Will the U.S. attack Iran this June?

Published February 24, 2005 7:01PM (EST)

In the midst of ongoing speculation about the possibility of a U.S. bombardment of Iranian nuclear targets, the blogosphere has been buzzing over comments made by former UNSCOM weapons inspector Scott Ritter at an antiwar event in Olympia, WA, on Feb. 18. Ritter, an outspoken opponent of the war on Iraq, surprised the crowd with details about a conversation he said he'd had with a source connected to the Bush administration back in October 2004. He claimed that he had been told, in confidence, that President Bush had signed off on military plans calling for the aerial bombardment of Iran in June 2005.

Reached by Salon for comment, Ritter confirmed his earlier statement. He would not identify his source other than to say that he or she was affiliated with the Bush administration, and had sought him out for his "expert advice on Iraq."

"I was approached on my ideas on how to stabilize Iraq," said Ritter. "My number one piece of advice was, don't bomb Iran. The response was, it's out of anybody's hands. It's a done deal."

Ritter said he had decided to come forward after hearing Secretary of State Condoleezza Rice say that the administration was not considering such an attack. "She's lying through her teeth," says Ritter.

On Tuesday, the Associated Press quoted President Bush as saying that it is "simply ridiculous" to assume that such an attack was imminent. He said that he would seek a diplomatic resolution to the Iranian arms issue, but that "all options" were "on the table" nonetheless.

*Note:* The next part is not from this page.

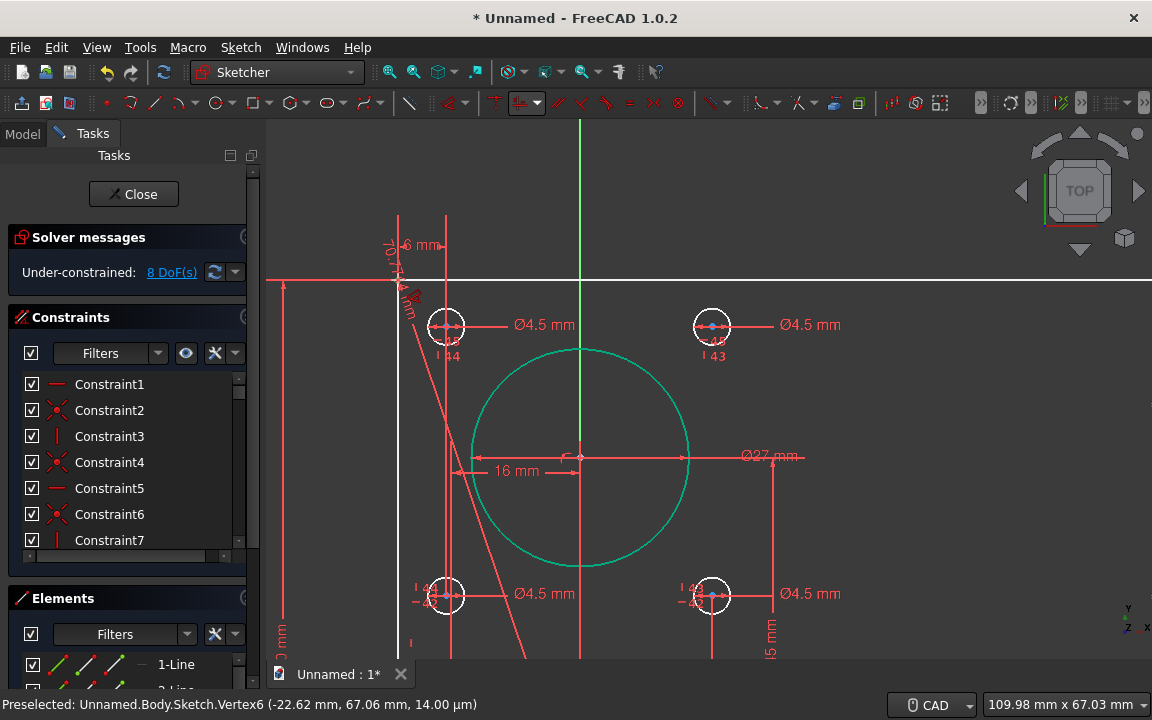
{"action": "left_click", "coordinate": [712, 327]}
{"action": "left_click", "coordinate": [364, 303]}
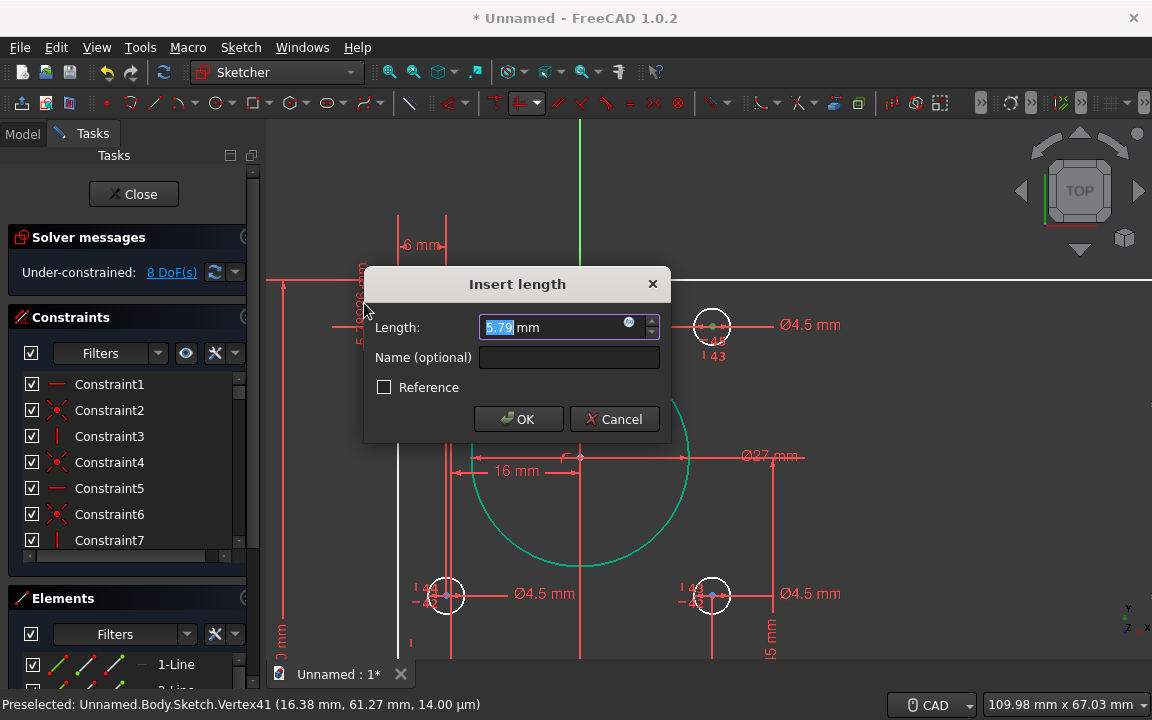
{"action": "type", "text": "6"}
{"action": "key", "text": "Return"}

In a recent article in the New Yorker , investigative reporter Seymour Hersh described extensive U.S. reconnaissance efforts in Iran for the purpose of assessing Iran's nuclear and chemical weapons capabilities. He contrasted the Bush administration's public position on Iraq with statements from a "high-level intelligence official," who told him: "It's not if we're going to do anything against Iran. They're doing it."

Hersh also went on "The Daily Show" with Jon Stewart and suggested that the administration may be planning an attack sooner than it will admit. "The plan is to get three or four dozen targets, hit them by air this summer, maybe, or whenever, and the thinking is, if they can show that the theocracy isn't that powerful, the people will rise up," Hersh told Stewart.

According to Ritter, the June date is based on Israel's eagerness to launch a preemptive attack on Iran before the country can make large strides in its nuclear development.

Some bloggers are wondering why Ritter, who has been inconsistent in his assessment of Iraq's weapons program, had access to such information. As chief U.N. arms inspector in Iraq between 1991 and 1998, he was passionately convinced that Saddam Hussein was concealing WMD. During a testimony before Congress in 1998, Ritter was greeted as a "true American hero" by Republicans anxious to make a case to go to war. In the run-up to war in Iraq, however, he insisted that Iraq had never had WMD and called the President's justification for pre-emptive war "the most calamitous international deception of modern times."

Jeremy Shapiro, a national security expert at the Brookings Institute, says the idea that the President has signed off on a June directive to bombard Iranian targets is "inconceivable."

"First of all, I think it's extraordinarily unlikely that we have sufficient intelligence on what the appropriate targets are to hit," he told Salon. "Secondly, the President doesn't tend to make decisions on this type of thing that far in advance."

Shapiro also said Israel would need U.S. military backing for any offensive, and found it unlikely that it would be willing to engage in an attack against our wishes. He was dubious that an attack would have any kind of dramatic effect on the Iranian program, and might even embolden the country to redouble its efforts.

In Shapiro's view, the Bush administration will continue to seek leverage through a balance of diplomacy and hawkish posturing. "I think it's quite clear that an attack is not their preferred outcome," he said. But it is "very important at all points in the negotiation to assert that they would be willing to do this."


By Julia Scott

San Francisco-based freelance journalist Julia Scott writes about water and energy issues for various publications. She also covers the environment for Bay Area News Group, a chain of newspapers in Northern California.